==== Given data ====

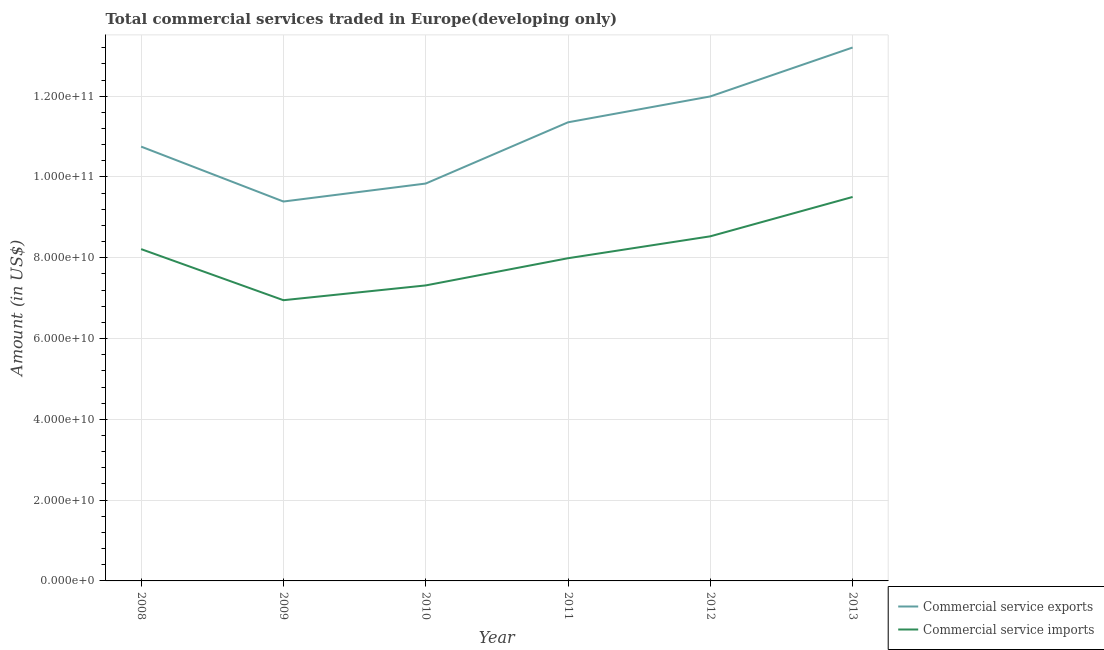How many different coloured lines are there?
Provide a succinct answer. 2. Does the line corresponding to amount of commercial service imports intersect with the line corresponding to amount of commercial service exports?
Keep it short and to the point. No. What is the amount of commercial service exports in 2011?
Provide a short and direct response. 1.14e+11. Across all years, what is the maximum amount of commercial service exports?
Ensure brevity in your answer.  1.32e+11. Across all years, what is the minimum amount of commercial service imports?
Your response must be concise. 6.95e+1. In which year was the amount of commercial service exports minimum?
Offer a terse response. 2009. What is the total amount of commercial service exports in the graph?
Offer a terse response. 6.65e+11. What is the difference between the amount of commercial service imports in 2012 and that in 2013?
Offer a very short reply. -9.74e+09. What is the difference between the amount of commercial service exports in 2010 and the amount of commercial service imports in 2011?
Ensure brevity in your answer.  1.85e+1. What is the average amount of commercial service imports per year?
Your answer should be very brief. 8.08e+1. In the year 2013, what is the difference between the amount of commercial service imports and amount of commercial service exports?
Provide a succinct answer. -3.70e+1. In how many years, is the amount of commercial service exports greater than 60000000000 US$?
Your answer should be compact. 6. What is the ratio of the amount of commercial service exports in 2008 to that in 2012?
Provide a short and direct response. 0.9. Is the amount of commercial service imports in 2011 less than that in 2013?
Your response must be concise. Yes. Is the difference between the amount of commercial service imports in 2009 and 2013 greater than the difference between the amount of commercial service exports in 2009 and 2013?
Offer a very short reply. Yes. What is the difference between the highest and the second highest amount of commercial service imports?
Provide a succinct answer. 9.74e+09. What is the difference between the highest and the lowest amount of commercial service imports?
Ensure brevity in your answer.  2.56e+1. Is the sum of the amount of commercial service exports in 2009 and 2013 greater than the maximum amount of commercial service imports across all years?
Ensure brevity in your answer.  Yes. Does the amount of commercial service exports monotonically increase over the years?
Ensure brevity in your answer.  No. Is the amount of commercial service imports strictly greater than the amount of commercial service exports over the years?
Ensure brevity in your answer.  No. How many years are there in the graph?
Ensure brevity in your answer.  6. What is the difference between two consecutive major ticks on the Y-axis?
Your answer should be very brief. 2.00e+1. Does the graph contain grids?
Ensure brevity in your answer.  Yes. What is the title of the graph?
Offer a terse response. Total commercial services traded in Europe(developing only). Does "ODA received" appear as one of the legend labels in the graph?
Make the answer very short. No. What is the label or title of the X-axis?
Make the answer very short. Year. What is the label or title of the Y-axis?
Your response must be concise. Amount (in US$). What is the Amount (in US$) of Commercial service exports in 2008?
Provide a succinct answer. 1.08e+11. What is the Amount (in US$) in Commercial service imports in 2008?
Provide a short and direct response. 8.21e+1. What is the Amount (in US$) of Commercial service exports in 2009?
Keep it short and to the point. 9.39e+1. What is the Amount (in US$) in Commercial service imports in 2009?
Offer a terse response. 6.95e+1. What is the Amount (in US$) of Commercial service exports in 2010?
Your response must be concise. 9.84e+1. What is the Amount (in US$) of Commercial service imports in 2010?
Provide a short and direct response. 7.32e+1. What is the Amount (in US$) in Commercial service exports in 2011?
Your answer should be very brief. 1.14e+11. What is the Amount (in US$) in Commercial service imports in 2011?
Give a very brief answer. 7.99e+1. What is the Amount (in US$) of Commercial service exports in 2012?
Make the answer very short. 1.20e+11. What is the Amount (in US$) in Commercial service imports in 2012?
Provide a succinct answer. 8.53e+1. What is the Amount (in US$) of Commercial service exports in 2013?
Offer a terse response. 1.32e+11. What is the Amount (in US$) of Commercial service imports in 2013?
Ensure brevity in your answer.  9.51e+1. Across all years, what is the maximum Amount (in US$) in Commercial service exports?
Give a very brief answer. 1.32e+11. Across all years, what is the maximum Amount (in US$) in Commercial service imports?
Provide a succinct answer. 9.51e+1. Across all years, what is the minimum Amount (in US$) in Commercial service exports?
Make the answer very short. 9.39e+1. Across all years, what is the minimum Amount (in US$) in Commercial service imports?
Provide a short and direct response. 6.95e+1. What is the total Amount (in US$) in Commercial service exports in the graph?
Provide a short and direct response. 6.65e+11. What is the total Amount (in US$) in Commercial service imports in the graph?
Keep it short and to the point. 4.85e+11. What is the difference between the Amount (in US$) of Commercial service exports in 2008 and that in 2009?
Ensure brevity in your answer.  1.36e+1. What is the difference between the Amount (in US$) of Commercial service imports in 2008 and that in 2009?
Offer a terse response. 1.26e+1. What is the difference between the Amount (in US$) of Commercial service exports in 2008 and that in 2010?
Your answer should be compact. 9.14e+09. What is the difference between the Amount (in US$) in Commercial service imports in 2008 and that in 2010?
Your response must be concise. 8.99e+09. What is the difference between the Amount (in US$) of Commercial service exports in 2008 and that in 2011?
Your response must be concise. -6.02e+09. What is the difference between the Amount (in US$) of Commercial service imports in 2008 and that in 2011?
Your answer should be very brief. 2.25e+09. What is the difference between the Amount (in US$) in Commercial service exports in 2008 and that in 2012?
Offer a very short reply. -1.24e+1. What is the difference between the Amount (in US$) in Commercial service imports in 2008 and that in 2012?
Your response must be concise. -3.17e+09. What is the difference between the Amount (in US$) in Commercial service exports in 2008 and that in 2013?
Keep it short and to the point. -2.45e+1. What is the difference between the Amount (in US$) of Commercial service imports in 2008 and that in 2013?
Make the answer very short. -1.29e+1. What is the difference between the Amount (in US$) in Commercial service exports in 2009 and that in 2010?
Make the answer very short. -4.45e+09. What is the difference between the Amount (in US$) of Commercial service imports in 2009 and that in 2010?
Your answer should be very brief. -3.66e+09. What is the difference between the Amount (in US$) in Commercial service exports in 2009 and that in 2011?
Ensure brevity in your answer.  -1.96e+1. What is the difference between the Amount (in US$) in Commercial service imports in 2009 and that in 2011?
Ensure brevity in your answer.  -1.04e+1. What is the difference between the Amount (in US$) of Commercial service exports in 2009 and that in 2012?
Give a very brief answer. -2.60e+1. What is the difference between the Amount (in US$) of Commercial service imports in 2009 and that in 2012?
Your answer should be very brief. -1.58e+1. What is the difference between the Amount (in US$) in Commercial service exports in 2009 and that in 2013?
Offer a terse response. -3.81e+1. What is the difference between the Amount (in US$) of Commercial service imports in 2009 and that in 2013?
Your answer should be very brief. -2.56e+1. What is the difference between the Amount (in US$) in Commercial service exports in 2010 and that in 2011?
Your answer should be very brief. -1.52e+1. What is the difference between the Amount (in US$) of Commercial service imports in 2010 and that in 2011?
Keep it short and to the point. -6.73e+09. What is the difference between the Amount (in US$) in Commercial service exports in 2010 and that in 2012?
Provide a short and direct response. -2.16e+1. What is the difference between the Amount (in US$) in Commercial service imports in 2010 and that in 2012?
Your answer should be compact. -1.22e+1. What is the difference between the Amount (in US$) of Commercial service exports in 2010 and that in 2013?
Offer a terse response. -3.37e+1. What is the difference between the Amount (in US$) in Commercial service imports in 2010 and that in 2013?
Your answer should be very brief. -2.19e+1. What is the difference between the Amount (in US$) in Commercial service exports in 2011 and that in 2012?
Provide a short and direct response. -6.41e+09. What is the difference between the Amount (in US$) in Commercial service imports in 2011 and that in 2012?
Your response must be concise. -5.42e+09. What is the difference between the Amount (in US$) in Commercial service exports in 2011 and that in 2013?
Ensure brevity in your answer.  -1.85e+1. What is the difference between the Amount (in US$) of Commercial service imports in 2011 and that in 2013?
Provide a succinct answer. -1.52e+1. What is the difference between the Amount (in US$) in Commercial service exports in 2012 and that in 2013?
Give a very brief answer. -1.21e+1. What is the difference between the Amount (in US$) in Commercial service imports in 2012 and that in 2013?
Offer a very short reply. -9.74e+09. What is the difference between the Amount (in US$) of Commercial service exports in 2008 and the Amount (in US$) of Commercial service imports in 2009?
Ensure brevity in your answer.  3.80e+1. What is the difference between the Amount (in US$) of Commercial service exports in 2008 and the Amount (in US$) of Commercial service imports in 2010?
Your response must be concise. 3.44e+1. What is the difference between the Amount (in US$) of Commercial service exports in 2008 and the Amount (in US$) of Commercial service imports in 2011?
Provide a succinct answer. 2.76e+1. What is the difference between the Amount (in US$) in Commercial service exports in 2008 and the Amount (in US$) in Commercial service imports in 2012?
Your answer should be compact. 2.22e+1. What is the difference between the Amount (in US$) of Commercial service exports in 2008 and the Amount (in US$) of Commercial service imports in 2013?
Your answer should be compact. 1.25e+1. What is the difference between the Amount (in US$) of Commercial service exports in 2009 and the Amount (in US$) of Commercial service imports in 2010?
Provide a succinct answer. 2.08e+1. What is the difference between the Amount (in US$) in Commercial service exports in 2009 and the Amount (in US$) in Commercial service imports in 2011?
Ensure brevity in your answer.  1.40e+1. What is the difference between the Amount (in US$) in Commercial service exports in 2009 and the Amount (in US$) in Commercial service imports in 2012?
Offer a terse response. 8.61e+09. What is the difference between the Amount (in US$) in Commercial service exports in 2009 and the Amount (in US$) in Commercial service imports in 2013?
Offer a terse response. -1.13e+09. What is the difference between the Amount (in US$) of Commercial service exports in 2010 and the Amount (in US$) of Commercial service imports in 2011?
Ensure brevity in your answer.  1.85e+1. What is the difference between the Amount (in US$) of Commercial service exports in 2010 and the Amount (in US$) of Commercial service imports in 2012?
Keep it short and to the point. 1.31e+1. What is the difference between the Amount (in US$) of Commercial service exports in 2010 and the Amount (in US$) of Commercial service imports in 2013?
Give a very brief answer. 3.32e+09. What is the difference between the Amount (in US$) of Commercial service exports in 2011 and the Amount (in US$) of Commercial service imports in 2012?
Make the answer very short. 2.82e+1. What is the difference between the Amount (in US$) in Commercial service exports in 2011 and the Amount (in US$) in Commercial service imports in 2013?
Your answer should be very brief. 1.85e+1. What is the difference between the Amount (in US$) in Commercial service exports in 2012 and the Amount (in US$) in Commercial service imports in 2013?
Keep it short and to the point. 2.49e+1. What is the average Amount (in US$) of Commercial service exports per year?
Ensure brevity in your answer.  1.11e+11. What is the average Amount (in US$) in Commercial service imports per year?
Make the answer very short. 8.08e+1. In the year 2008, what is the difference between the Amount (in US$) in Commercial service exports and Amount (in US$) in Commercial service imports?
Your answer should be compact. 2.54e+1. In the year 2009, what is the difference between the Amount (in US$) in Commercial service exports and Amount (in US$) in Commercial service imports?
Make the answer very short. 2.44e+1. In the year 2010, what is the difference between the Amount (in US$) in Commercial service exports and Amount (in US$) in Commercial service imports?
Ensure brevity in your answer.  2.52e+1. In the year 2011, what is the difference between the Amount (in US$) in Commercial service exports and Amount (in US$) in Commercial service imports?
Provide a succinct answer. 3.36e+1. In the year 2012, what is the difference between the Amount (in US$) in Commercial service exports and Amount (in US$) in Commercial service imports?
Your answer should be compact. 3.46e+1. In the year 2013, what is the difference between the Amount (in US$) of Commercial service exports and Amount (in US$) of Commercial service imports?
Give a very brief answer. 3.70e+1. What is the ratio of the Amount (in US$) in Commercial service exports in 2008 to that in 2009?
Provide a succinct answer. 1.14. What is the ratio of the Amount (in US$) in Commercial service imports in 2008 to that in 2009?
Provide a short and direct response. 1.18. What is the ratio of the Amount (in US$) of Commercial service exports in 2008 to that in 2010?
Give a very brief answer. 1.09. What is the ratio of the Amount (in US$) in Commercial service imports in 2008 to that in 2010?
Make the answer very short. 1.12. What is the ratio of the Amount (in US$) of Commercial service exports in 2008 to that in 2011?
Offer a very short reply. 0.95. What is the ratio of the Amount (in US$) in Commercial service imports in 2008 to that in 2011?
Make the answer very short. 1.03. What is the ratio of the Amount (in US$) of Commercial service exports in 2008 to that in 2012?
Your answer should be very brief. 0.9. What is the ratio of the Amount (in US$) in Commercial service imports in 2008 to that in 2012?
Your answer should be compact. 0.96. What is the ratio of the Amount (in US$) of Commercial service exports in 2008 to that in 2013?
Your response must be concise. 0.81. What is the ratio of the Amount (in US$) of Commercial service imports in 2008 to that in 2013?
Provide a succinct answer. 0.86. What is the ratio of the Amount (in US$) of Commercial service exports in 2009 to that in 2010?
Give a very brief answer. 0.95. What is the ratio of the Amount (in US$) in Commercial service imports in 2009 to that in 2010?
Provide a short and direct response. 0.95. What is the ratio of the Amount (in US$) of Commercial service exports in 2009 to that in 2011?
Offer a very short reply. 0.83. What is the ratio of the Amount (in US$) of Commercial service imports in 2009 to that in 2011?
Your answer should be very brief. 0.87. What is the ratio of the Amount (in US$) of Commercial service exports in 2009 to that in 2012?
Keep it short and to the point. 0.78. What is the ratio of the Amount (in US$) in Commercial service imports in 2009 to that in 2012?
Make the answer very short. 0.81. What is the ratio of the Amount (in US$) in Commercial service exports in 2009 to that in 2013?
Provide a succinct answer. 0.71. What is the ratio of the Amount (in US$) of Commercial service imports in 2009 to that in 2013?
Give a very brief answer. 0.73. What is the ratio of the Amount (in US$) of Commercial service exports in 2010 to that in 2011?
Your answer should be very brief. 0.87. What is the ratio of the Amount (in US$) of Commercial service imports in 2010 to that in 2011?
Offer a very short reply. 0.92. What is the ratio of the Amount (in US$) in Commercial service exports in 2010 to that in 2012?
Your response must be concise. 0.82. What is the ratio of the Amount (in US$) of Commercial service imports in 2010 to that in 2012?
Your answer should be very brief. 0.86. What is the ratio of the Amount (in US$) in Commercial service exports in 2010 to that in 2013?
Ensure brevity in your answer.  0.74. What is the ratio of the Amount (in US$) in Commercial service imports in 2010 to that in 2013?
Offer a terse response. 0.77. What is the ratio of the Amount (in US$) in Commercial service exports in 2011 to that in 2012?
Your response must be concise. 0.95. What is the ratio of the Amount (in US$) of Commercial service imports in 2011 to that in 2012?
Your response must be concise. 0.94. What is the ratio of the Amount (in US$) of Commercial service exports in 2011 to that in 2013?
Offer a terse response. 0.86. What is the ratio of the Amount (in US$) in Commercial service imports in 2011 to that in 2013?
Your answer should be compact. 0.84. What is the ratio of the Amount (in US$) in Commercial service exports in 2012 to that in 2013?
Keep it short and to the point. 0.91. What is the ratio of the Amount (in US$) in Commercial service imports in 2012 to that in 2013?
Offer a terse response. 0.9. What is the difference between the highest and the second highest Amount (in US$) of Commercial service exports?
Ensure brevity in your answer.  1.21e+1. What is the difference between the highest and the second highest Amount (in US$) in Commercial service imports?
Your answer should be compact. 9.74e+09. What is the difference between the highest and the lowest Amount (in US$) of Commercial service exports?
Your response must be concise. 3.81e+1. What is the difference between the highest and the lowest Amount (in US$) in Commercial service imports?
Ensure brevity in your answer.  2.56e+1.

====

* Task to complete:
Begin at the first line of the data above and repeat each line exactly, stopping after the line containing "Offer a terse response. 2009.". Omit the pictures.

* Output of the exercise:
How many different coloured lines are there?
Provide a succinct answer. 2. Does the line corresponding to amount of commercial service imports intersect with the line corresponding to amount of commercial service exports?
Keep it short and to the point. No. What is the amount of commercial service exports in 2011?
Provide a short and direct response. 1.14e+11. Across all years, what is the maximum amount of commercial service exports?
Ensure brevity in your answer.  1.32e+11. Across all years, what is the minimum amount of commercial service imports?
Your response must be concise. 6.95e+1. In which year was the amount of commercial service exports minimum?
Offer a terse response. 2009. What is the total amount of commercial service exports in the graph?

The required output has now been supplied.